Understanding 2026's IPO Landscape: A Market Transformation

India's equity fundraising ecosystem is entering a pivotal phase. After witnessing an IPO tsunami in 2025 with record-breaking issues, India's primary market is set to enter 2026 with one of the largest IPO pipelines in history. According to Prime Database, 84 companies have received SEBI approval to collectively raise about ₹1.14 lakh crore, while another 108 companies are awaiting regulatory clearance with a projected fundraising of ₹1.46 lakh crore. In total, over 190 companies are either approved or in the pipeline, pointing to a potential fundraising pool exceeding ₹2.5 lakh crore.
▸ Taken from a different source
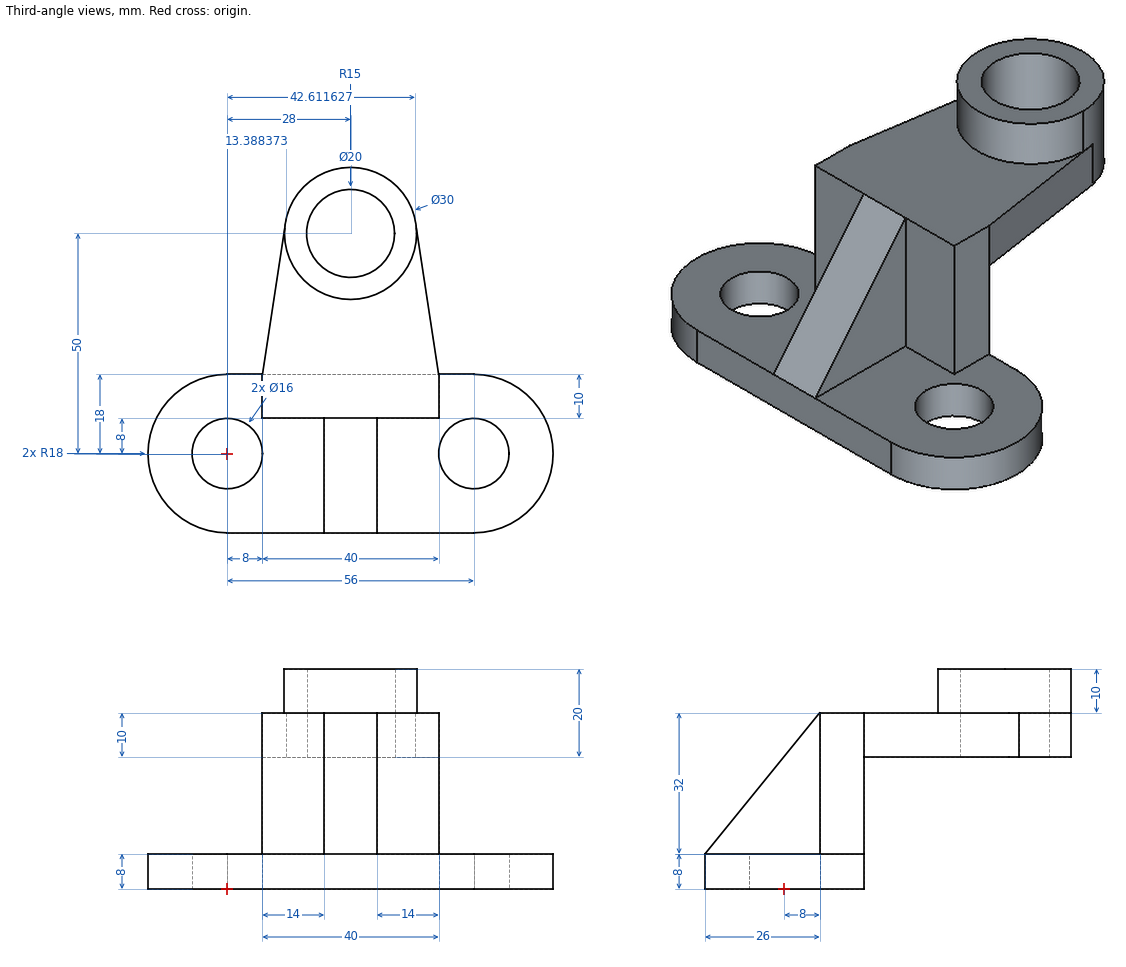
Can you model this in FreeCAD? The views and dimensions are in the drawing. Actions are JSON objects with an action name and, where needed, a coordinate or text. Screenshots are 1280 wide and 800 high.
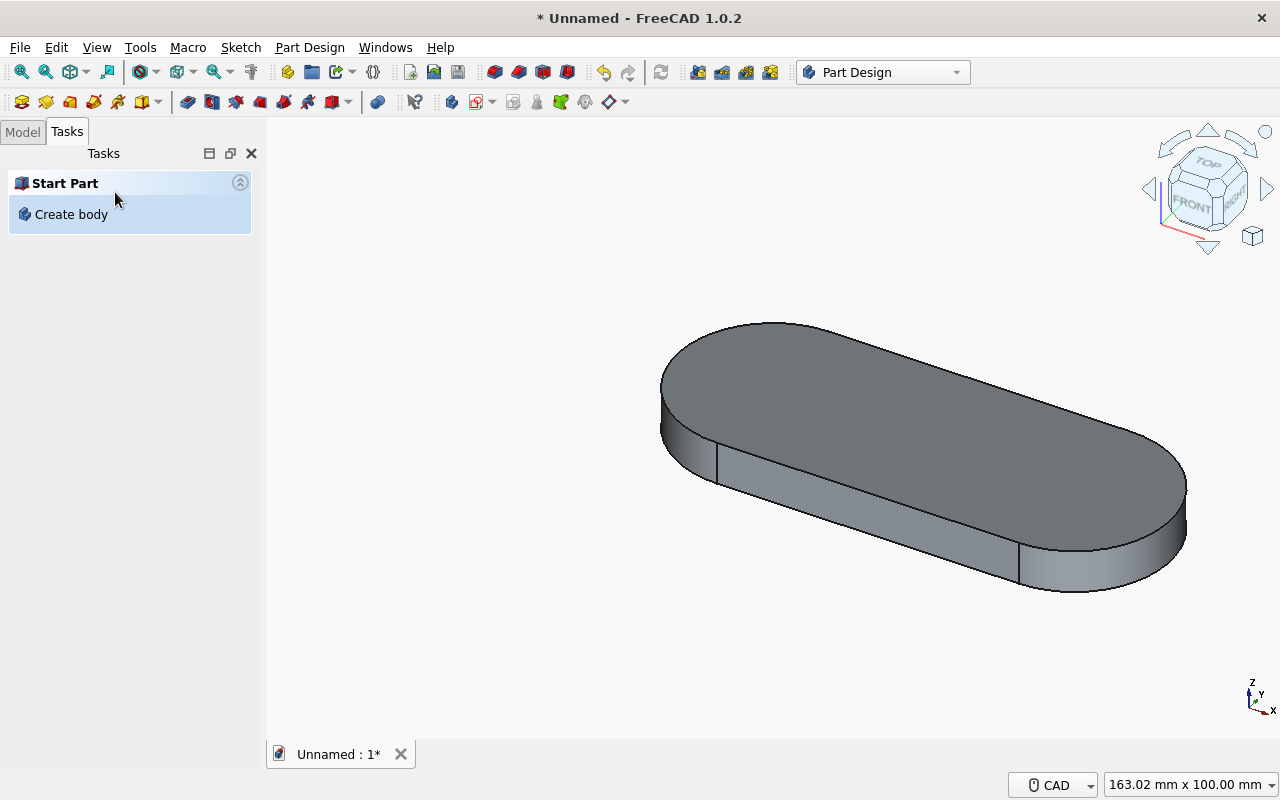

This strong pipeline visibility offers confidence that India's IPO cycle will remain robust well into 2026. The coming year is expected to test the depth and maturity of equity markets—both in terms of sectoral leadership and the quality of issuers tapping public markets. From new-age technology firms to established legacy players, 2026 could redefine how capital is raised, priced, and deployed in India.

The regulatory environment has also become more efficient. SEBI's streamlined timelines and broadened capital market access have made India's primary markets more competitive globally. This shift is attracting not just domestic but also international companies seeking Indian domicile and public listing opportunities.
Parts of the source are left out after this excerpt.